=== Begin Enclosure ===

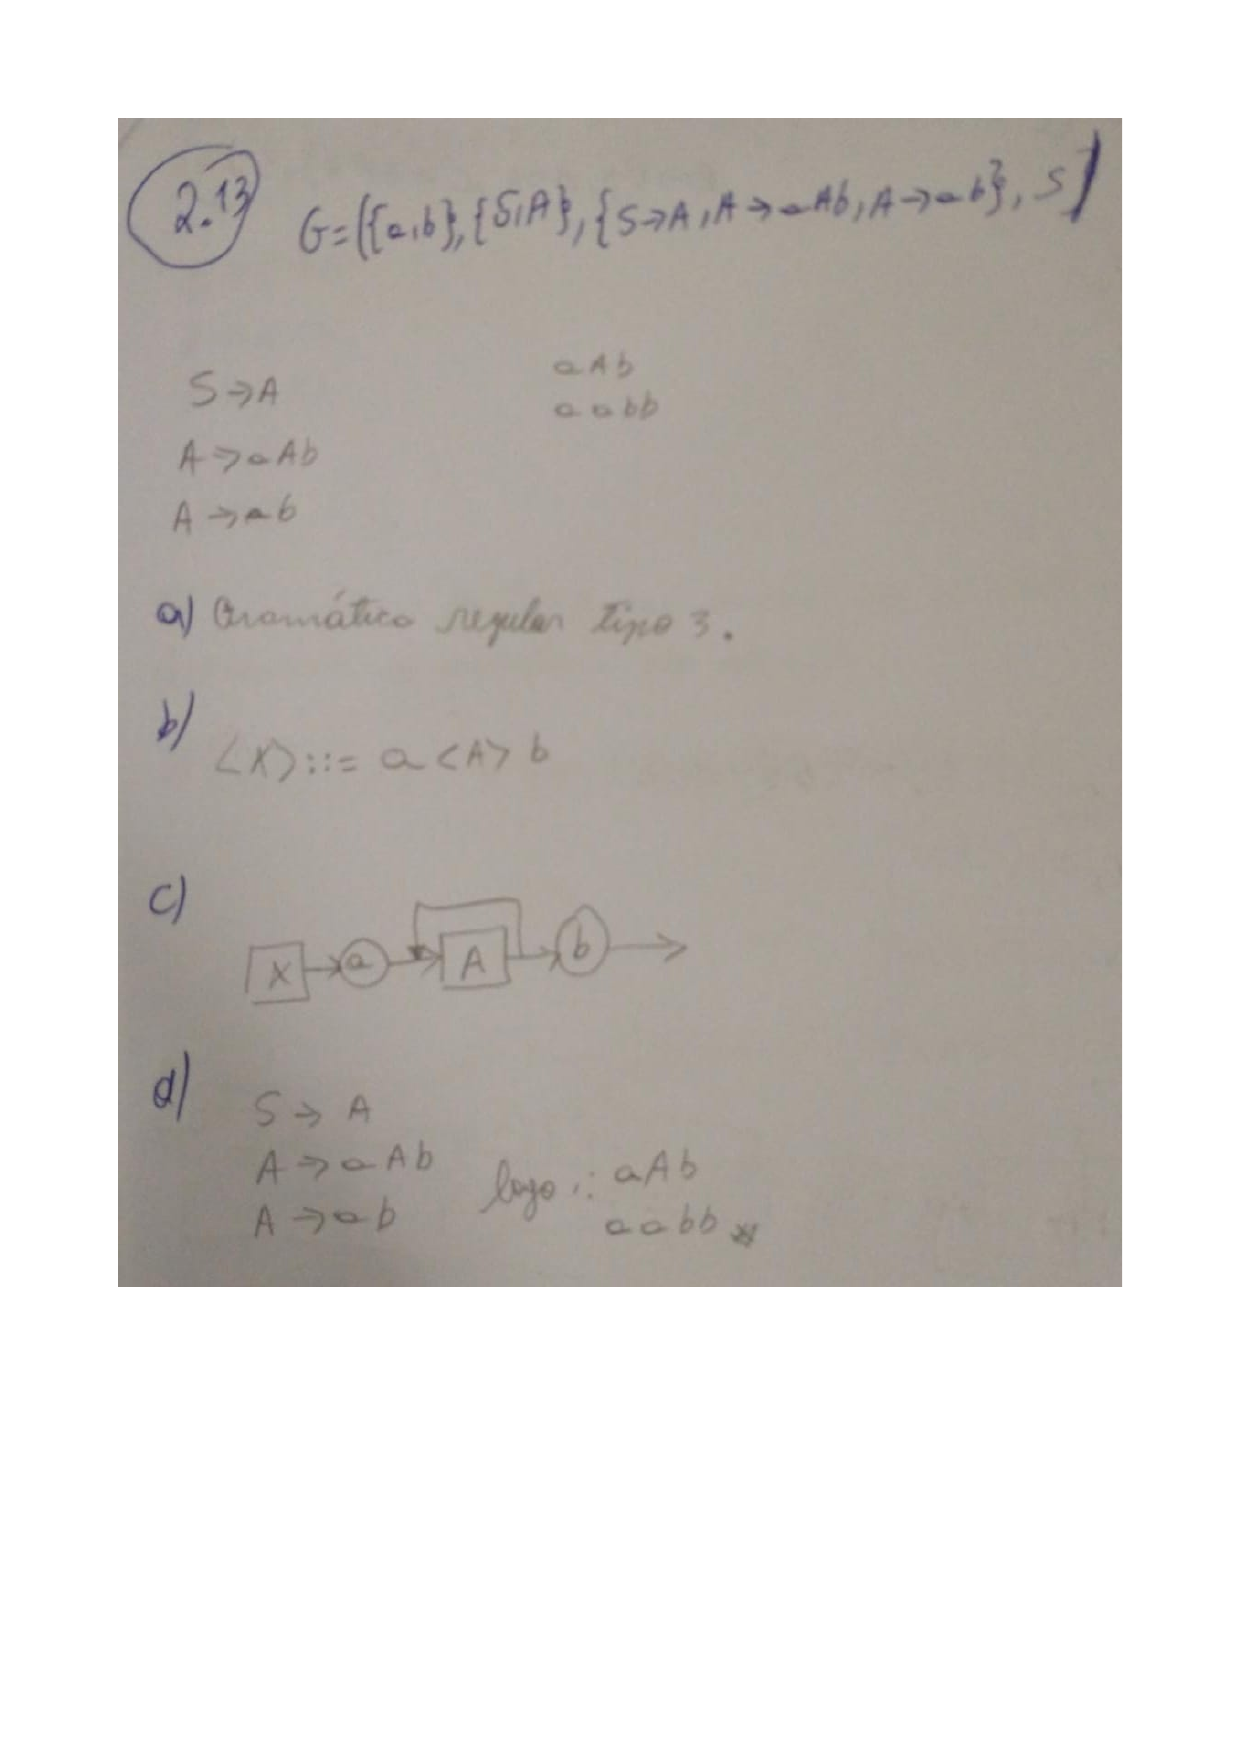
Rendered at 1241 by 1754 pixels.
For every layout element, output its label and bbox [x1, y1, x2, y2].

picture [118, 118, 1123, 1287]
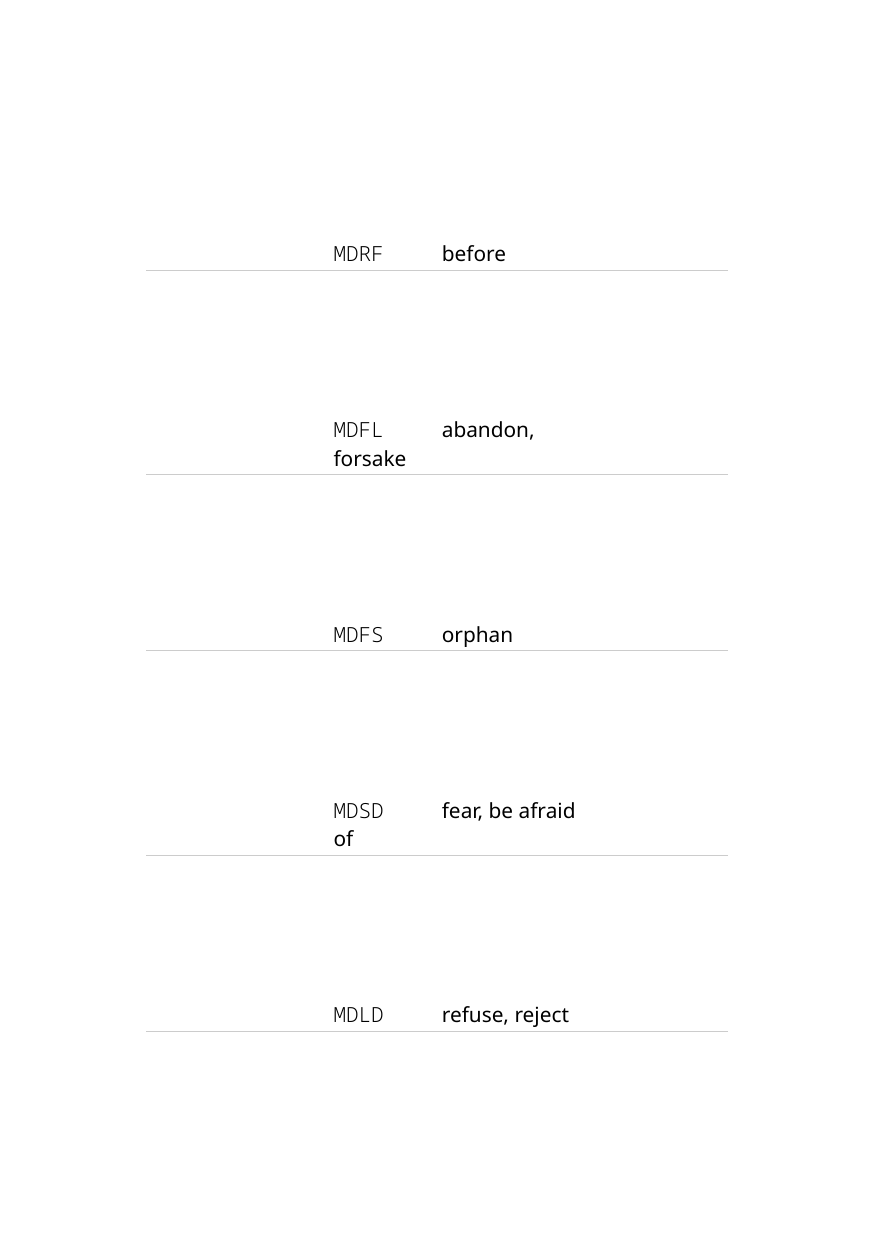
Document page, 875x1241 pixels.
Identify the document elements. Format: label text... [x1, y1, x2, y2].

text MDRF before [146, 94, 728, 270]
text MDLD refuse, reject [146, 856, 728, 1031]
text MDFS orphan [146, 475, 728, 650]
text MDFL abandon, forsake [146, 271, 728, 474]
text MDSD fear, be afraid of [146, 651, 728, 855]

=== End Enclosure ===

→ EXERCISE DIRECTIONS:
Report back every line of the entries in which "pixels" occurs.

→ ANSWER SPACE:
Rendered at 1241 by 1754 pixels.
Document page, 875x1241 pixels.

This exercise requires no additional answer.